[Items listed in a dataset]

--*--

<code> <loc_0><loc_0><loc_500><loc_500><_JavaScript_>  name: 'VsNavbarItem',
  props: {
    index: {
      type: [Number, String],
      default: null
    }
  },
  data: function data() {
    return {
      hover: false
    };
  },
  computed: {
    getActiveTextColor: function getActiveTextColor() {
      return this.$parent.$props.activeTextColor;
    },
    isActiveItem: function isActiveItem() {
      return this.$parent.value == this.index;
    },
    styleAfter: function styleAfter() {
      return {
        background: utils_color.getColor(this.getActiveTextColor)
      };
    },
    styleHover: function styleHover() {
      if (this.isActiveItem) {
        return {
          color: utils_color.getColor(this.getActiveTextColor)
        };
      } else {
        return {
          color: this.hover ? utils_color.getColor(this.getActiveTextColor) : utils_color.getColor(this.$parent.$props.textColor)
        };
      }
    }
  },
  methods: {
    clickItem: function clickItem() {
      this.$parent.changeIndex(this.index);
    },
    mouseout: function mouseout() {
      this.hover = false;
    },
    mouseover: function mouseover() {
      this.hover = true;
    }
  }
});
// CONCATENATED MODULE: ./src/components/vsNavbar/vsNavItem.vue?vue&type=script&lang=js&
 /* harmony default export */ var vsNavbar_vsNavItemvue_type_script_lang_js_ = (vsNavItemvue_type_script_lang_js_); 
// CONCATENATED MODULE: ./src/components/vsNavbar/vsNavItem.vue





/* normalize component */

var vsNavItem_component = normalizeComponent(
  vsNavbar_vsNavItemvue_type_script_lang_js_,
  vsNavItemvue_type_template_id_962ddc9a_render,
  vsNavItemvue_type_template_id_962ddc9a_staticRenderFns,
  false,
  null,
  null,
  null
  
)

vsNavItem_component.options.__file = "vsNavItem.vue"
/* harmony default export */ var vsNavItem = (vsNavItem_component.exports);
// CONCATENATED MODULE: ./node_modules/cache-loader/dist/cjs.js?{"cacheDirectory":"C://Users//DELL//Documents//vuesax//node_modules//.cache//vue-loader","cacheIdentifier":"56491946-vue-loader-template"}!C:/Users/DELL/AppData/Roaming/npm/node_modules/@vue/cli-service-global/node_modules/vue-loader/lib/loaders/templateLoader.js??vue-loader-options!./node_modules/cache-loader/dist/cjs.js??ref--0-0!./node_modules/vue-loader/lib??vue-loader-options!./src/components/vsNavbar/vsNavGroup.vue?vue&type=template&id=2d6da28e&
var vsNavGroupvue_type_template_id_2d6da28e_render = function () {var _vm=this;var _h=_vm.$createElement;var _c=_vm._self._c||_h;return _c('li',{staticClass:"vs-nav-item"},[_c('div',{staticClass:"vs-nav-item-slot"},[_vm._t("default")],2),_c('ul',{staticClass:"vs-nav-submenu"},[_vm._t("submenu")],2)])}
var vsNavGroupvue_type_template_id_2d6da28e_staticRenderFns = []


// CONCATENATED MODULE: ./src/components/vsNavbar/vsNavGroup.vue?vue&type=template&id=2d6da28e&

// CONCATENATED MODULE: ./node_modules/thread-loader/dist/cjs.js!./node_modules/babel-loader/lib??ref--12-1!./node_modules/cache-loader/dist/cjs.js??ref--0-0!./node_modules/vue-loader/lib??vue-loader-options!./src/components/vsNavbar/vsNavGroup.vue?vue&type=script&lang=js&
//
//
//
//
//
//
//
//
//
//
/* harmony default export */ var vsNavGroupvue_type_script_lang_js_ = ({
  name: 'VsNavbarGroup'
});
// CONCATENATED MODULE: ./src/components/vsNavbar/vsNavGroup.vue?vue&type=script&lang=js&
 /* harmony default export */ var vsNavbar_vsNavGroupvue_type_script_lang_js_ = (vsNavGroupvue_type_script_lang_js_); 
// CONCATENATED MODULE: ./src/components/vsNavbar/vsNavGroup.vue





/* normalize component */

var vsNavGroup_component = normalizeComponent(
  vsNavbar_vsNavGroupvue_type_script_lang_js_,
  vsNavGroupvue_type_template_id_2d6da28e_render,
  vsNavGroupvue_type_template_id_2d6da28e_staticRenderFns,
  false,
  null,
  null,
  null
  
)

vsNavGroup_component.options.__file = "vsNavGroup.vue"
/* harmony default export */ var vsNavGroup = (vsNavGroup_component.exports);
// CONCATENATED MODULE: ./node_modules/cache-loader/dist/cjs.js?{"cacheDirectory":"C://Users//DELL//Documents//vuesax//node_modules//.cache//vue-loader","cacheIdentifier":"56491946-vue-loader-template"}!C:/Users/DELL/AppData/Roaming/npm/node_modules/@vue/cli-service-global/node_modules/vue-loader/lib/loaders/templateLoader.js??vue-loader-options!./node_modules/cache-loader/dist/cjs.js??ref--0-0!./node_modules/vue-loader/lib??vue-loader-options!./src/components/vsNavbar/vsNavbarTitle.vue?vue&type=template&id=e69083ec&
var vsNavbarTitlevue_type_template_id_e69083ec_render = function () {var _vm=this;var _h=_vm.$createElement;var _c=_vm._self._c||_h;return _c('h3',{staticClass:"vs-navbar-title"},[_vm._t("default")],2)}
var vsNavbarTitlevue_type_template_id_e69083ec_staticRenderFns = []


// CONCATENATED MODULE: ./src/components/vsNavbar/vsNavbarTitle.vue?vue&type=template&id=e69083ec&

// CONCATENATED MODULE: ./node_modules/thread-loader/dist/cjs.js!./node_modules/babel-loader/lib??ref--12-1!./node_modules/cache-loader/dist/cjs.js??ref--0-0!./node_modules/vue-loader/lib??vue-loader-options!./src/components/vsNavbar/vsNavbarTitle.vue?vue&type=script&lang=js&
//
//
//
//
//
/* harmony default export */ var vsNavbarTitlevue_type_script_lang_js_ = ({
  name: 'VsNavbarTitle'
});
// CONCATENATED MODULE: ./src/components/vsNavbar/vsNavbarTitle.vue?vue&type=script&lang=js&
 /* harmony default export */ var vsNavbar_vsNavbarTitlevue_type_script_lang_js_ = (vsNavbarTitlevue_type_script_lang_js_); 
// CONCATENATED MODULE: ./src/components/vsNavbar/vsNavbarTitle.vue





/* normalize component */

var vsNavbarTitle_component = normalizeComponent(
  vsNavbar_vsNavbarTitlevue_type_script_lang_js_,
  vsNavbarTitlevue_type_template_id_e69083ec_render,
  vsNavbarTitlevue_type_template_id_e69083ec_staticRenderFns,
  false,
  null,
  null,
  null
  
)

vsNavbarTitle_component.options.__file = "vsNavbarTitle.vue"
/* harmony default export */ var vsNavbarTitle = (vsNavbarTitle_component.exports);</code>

--*--

▶ Work required
Whenever a line above contains "getColor", copy that line.

▶ Solution to the problem
        background: utils_color.getColor(this.getActiveTextColor)
          color: utils_color.getColor(this.getActiveTextColor)
          color: this.hover ? utils_color.getColor(this.getActiveTextColor) : utils_color.getColor(this.$parent.$props.textColor)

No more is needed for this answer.